## INFORMATION SHOWN:
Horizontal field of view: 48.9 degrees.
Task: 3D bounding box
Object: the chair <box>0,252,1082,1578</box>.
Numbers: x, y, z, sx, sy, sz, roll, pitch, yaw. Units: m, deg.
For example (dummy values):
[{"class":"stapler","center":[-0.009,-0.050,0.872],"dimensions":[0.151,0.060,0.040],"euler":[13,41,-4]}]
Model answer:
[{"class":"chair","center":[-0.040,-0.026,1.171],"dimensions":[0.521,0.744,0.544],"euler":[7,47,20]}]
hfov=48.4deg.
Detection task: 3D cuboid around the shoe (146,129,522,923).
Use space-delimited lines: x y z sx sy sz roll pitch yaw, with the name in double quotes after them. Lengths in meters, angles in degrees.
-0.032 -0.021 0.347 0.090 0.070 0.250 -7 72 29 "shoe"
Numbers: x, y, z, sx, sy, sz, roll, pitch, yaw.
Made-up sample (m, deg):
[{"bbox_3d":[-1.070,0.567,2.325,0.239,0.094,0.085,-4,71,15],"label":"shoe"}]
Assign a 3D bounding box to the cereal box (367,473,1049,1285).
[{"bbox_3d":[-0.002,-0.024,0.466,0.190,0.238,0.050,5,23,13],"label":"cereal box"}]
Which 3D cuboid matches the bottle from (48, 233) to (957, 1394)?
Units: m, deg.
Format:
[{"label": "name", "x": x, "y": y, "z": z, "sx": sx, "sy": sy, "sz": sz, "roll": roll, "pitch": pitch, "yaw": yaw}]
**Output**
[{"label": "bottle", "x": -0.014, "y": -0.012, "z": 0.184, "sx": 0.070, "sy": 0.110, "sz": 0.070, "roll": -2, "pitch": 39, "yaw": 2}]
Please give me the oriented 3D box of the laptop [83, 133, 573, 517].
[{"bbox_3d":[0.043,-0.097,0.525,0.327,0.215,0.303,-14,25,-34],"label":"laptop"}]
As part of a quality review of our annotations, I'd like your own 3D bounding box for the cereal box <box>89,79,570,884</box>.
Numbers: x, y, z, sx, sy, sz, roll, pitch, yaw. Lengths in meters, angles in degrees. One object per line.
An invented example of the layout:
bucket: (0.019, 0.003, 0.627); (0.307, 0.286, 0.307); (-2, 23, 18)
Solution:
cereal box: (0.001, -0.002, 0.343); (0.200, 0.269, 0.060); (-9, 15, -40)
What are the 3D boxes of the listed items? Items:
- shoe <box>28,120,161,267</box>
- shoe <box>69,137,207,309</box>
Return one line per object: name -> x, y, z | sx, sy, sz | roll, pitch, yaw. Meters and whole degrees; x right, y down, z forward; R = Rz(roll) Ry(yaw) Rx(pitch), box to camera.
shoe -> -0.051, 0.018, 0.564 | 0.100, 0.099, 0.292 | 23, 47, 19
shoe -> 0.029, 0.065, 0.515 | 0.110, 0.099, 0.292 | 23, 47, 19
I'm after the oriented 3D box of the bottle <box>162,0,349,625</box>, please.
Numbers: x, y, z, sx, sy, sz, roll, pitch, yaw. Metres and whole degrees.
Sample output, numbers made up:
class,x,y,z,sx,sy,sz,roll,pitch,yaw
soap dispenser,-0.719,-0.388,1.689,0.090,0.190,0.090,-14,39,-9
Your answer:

## AIM OF THE TASK:
Output each line of the listing in which the string "Units" is found.

## EXERCISE RESPONSE:
Numbers: x, y, z, sx, sy, sz, roll, pitch, yaw. Units: m, deg.
Units: m, deg.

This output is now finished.